The phase-2 breakdown then groups by source label and renders each group with its event count plus the per-EVTX list. VSS-recovered events are tagged inline so the analyst can tell at a glance which logs came from a shadow copy vs which came from the live partition:
[+] Lateral movement events grouped by source (4 sources):
=> [IMAGE] HRServer_Disk0.e01 (4521 events total)
- Security.evtx (3220)
- Microsoft-Windows-TerminalServices-LocalSessionManager%4Operational.evtx (134)
- Security.evtx (1095) [VSS]
- Microsoft-Windows-TerminalServices-LocalSessionManager%4Operational.evtx (72) [VSS]
=> [TRIAGE: Cortex XDR] triages/offline_collector_output_TESTHOST01_...zip [host: TESTHOST01] (834 events total)
- Security.evtx (612)
- Microsoft-Windows-WinRM%4Operational.evtx (89)
- Microsoft-Windows-TerminalServices-LocalSessionManager%4Operational.evtx (133)
=> [TRIAGE: Velociraptor] triages/Collection-WIN-DC01-...zip [host: WIN-DC01] (4521 events total)
- Security.evtx (4380)
- Microsoft-Windows-WinRM%4Operational.evtx (141)
=> [FOLDER] D:/evidence/loose/extracted_evtx (131 events total)
- Security.evtx (120)
- Microsoft-Windows-TerminalServices-LocalSessionManager%4Operational.evtx (11)

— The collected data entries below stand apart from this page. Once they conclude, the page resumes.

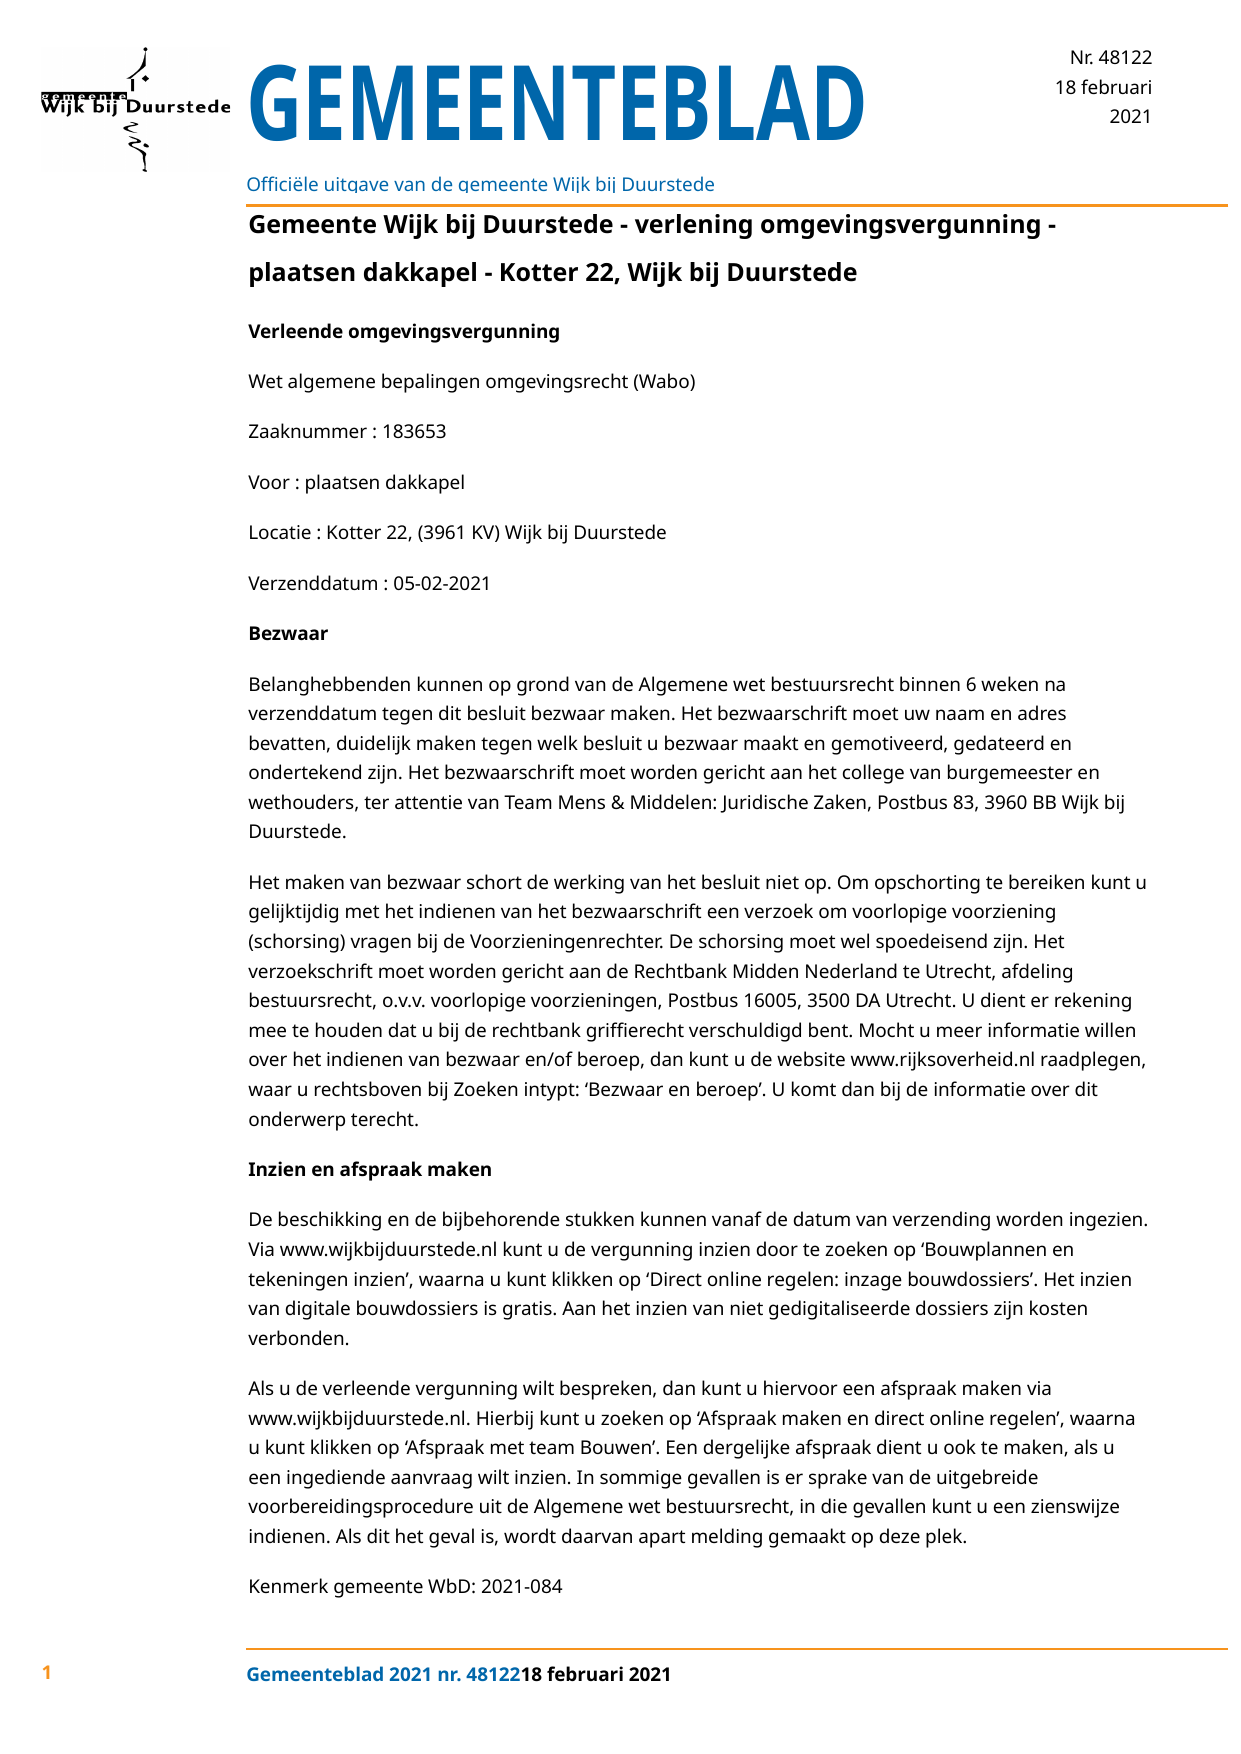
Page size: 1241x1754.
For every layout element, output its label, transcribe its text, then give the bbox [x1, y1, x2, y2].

text Verleende omgevingsvergunning [248, 318, 1152, 344]
text Als u de verleende vergunning wilt bespreken, dan kunt u hiervoor een afspraak maken via www.wijkbijduurstede.nl. Hierbij kunt u zoeken op ‘Afspraak maken en direct online regelen’, waarna u kunt klikken op ‘Afspraak met team Bouwen’. Een dergelijke afspraak dient u ook te maken, als u een ingediende aanvraag wilt inzien. In sommige gevallen is er sprake van de uitgebreide voorbereidingsprocedure uit de Algemene wet bestuursrecht, in die gevallen kunt u een zienswijze indienen. Als dit het geval is, wordt daarvan apart melding gemaakt op deze plek. [248, 1375, 1152, 1549]
text Zaaknummer : 183653 [248, 419, 1152, 444]
text Voor : plaatsen dakkapel [248, 469, 1152, 495]
text Het maken van bezwaar schort de werking van het besluit niet op. Om opschorting te bereiken kunt u gelijktijdig met het indienen van het bezwaarschrift een verzoek om voorlopige voorziening (schorsing) vragen bij de Voorzieningenrechter. De schorsing moet wel spoedeisend zijn. Het verzoekschrift moet worden gericht aan de Rechtbank Midden Nederland te Utrecht, afdeling bestuursrecht, o.v.v. voorlopige voorzieningen, Postbus 16005, 3500 DA Utrecht. U dient er rekening mee te houden dat u bij de rechtbank griffierecht verschuldigd bent. Mocht u meer informatie willen over het indienen van bezwaar en/of beroep, dan kunt u de website www.rijksoverheid.nl raadplegen, waar u rechtsboven bij Zoeken intypt: ‘Bezwaar en beroep’. U komt dan bij de informatie over dit onderwerp terecht. [248, 869, 1152, 1132]
picture [41, 47, 231, 172]
text Kenmerk gemeente WbD: 2021-084 [248, 1574, 1152, 1599]
text Locatie : Kotter 22, (3961 KV) Wijk bij Duurstede [248, 519, 1152, 545]
text Gemeente Wijk bij Duurstede - verlening omgevingsvergunning - plaatsen dakkapel - Kotter 22, Wijk bij Duurstede [248, 207, 1152, 288]
text Verzenddatum : 05-02-2021 [248, 570, 1152, 596]
text Bezwaar [248, 620, 1152, 646]
text De beschikking en de bijbehorende stukken kunnen vanaf de datum van verzending worden ingezien. Via www.wijkbijduurstede.nl kunt u de vergunning inzien door te zoeken op ‘Bouwplannen en tekeningen inzien’, waarna u kunt klikken op ‘Direct online regelen: inzage bouwdossiers’. Het inzien van digitale bouwdossiers is gratis. Aan het inzien van niet gedigitaliseerde dossiers zijn kosten verbonden. [248, 1207, 1152, 1351]
text Wet algemene bepalingen omgevingsrecht (Wabo) [248, 368, 1152, 394]
text Inzien en afspraak maken [248, 1156, 1152, 1182]
text Belanghebbenden kunnen op grond van de Algemene wet bestuursrecht binnen 6 weken na verzenddatum tegen dit besluit bezwaar maken. Het bezwaarschrift moet uw naam en adres bevatten, duidelijk maken tegen welk besluit u bezwaar maakt en gemotiveerd, gedateerd en ondertekend zijn. Het bezwaarschrift moet worden gericht aan het college van burgemeester en wethouders, ter attentie van Team Mens & Middelen: Juridische Zaken, Postbus 83, 3960 BB Wijk bij Duurstede. [248, 671, 1152, 844]

VSS tagging is automatic. masstin detects partition_<N>_vss_<M>/ paths in the temp extraction tree and labels matching entries with a [VSS] suffix (or [VSS-0], [VSS-1] when multiple snapshots from the same image coexist). Live entries carry no annotation. Within each [IMAGE] source group, items are sorted live-first then by VSS index, so the analyst reads “what the system has now” at the top and “what masstin recovered from the snapshots” underneath as a clearly demarcated bonus section. This is exactly the forensic story that masstin’s VSS recovery feature is supposed to tell — VSS recovery is one of the most valuable features in the tool and the breakdown should surface it loudly, not bury it under identical-looking duplicate filenames.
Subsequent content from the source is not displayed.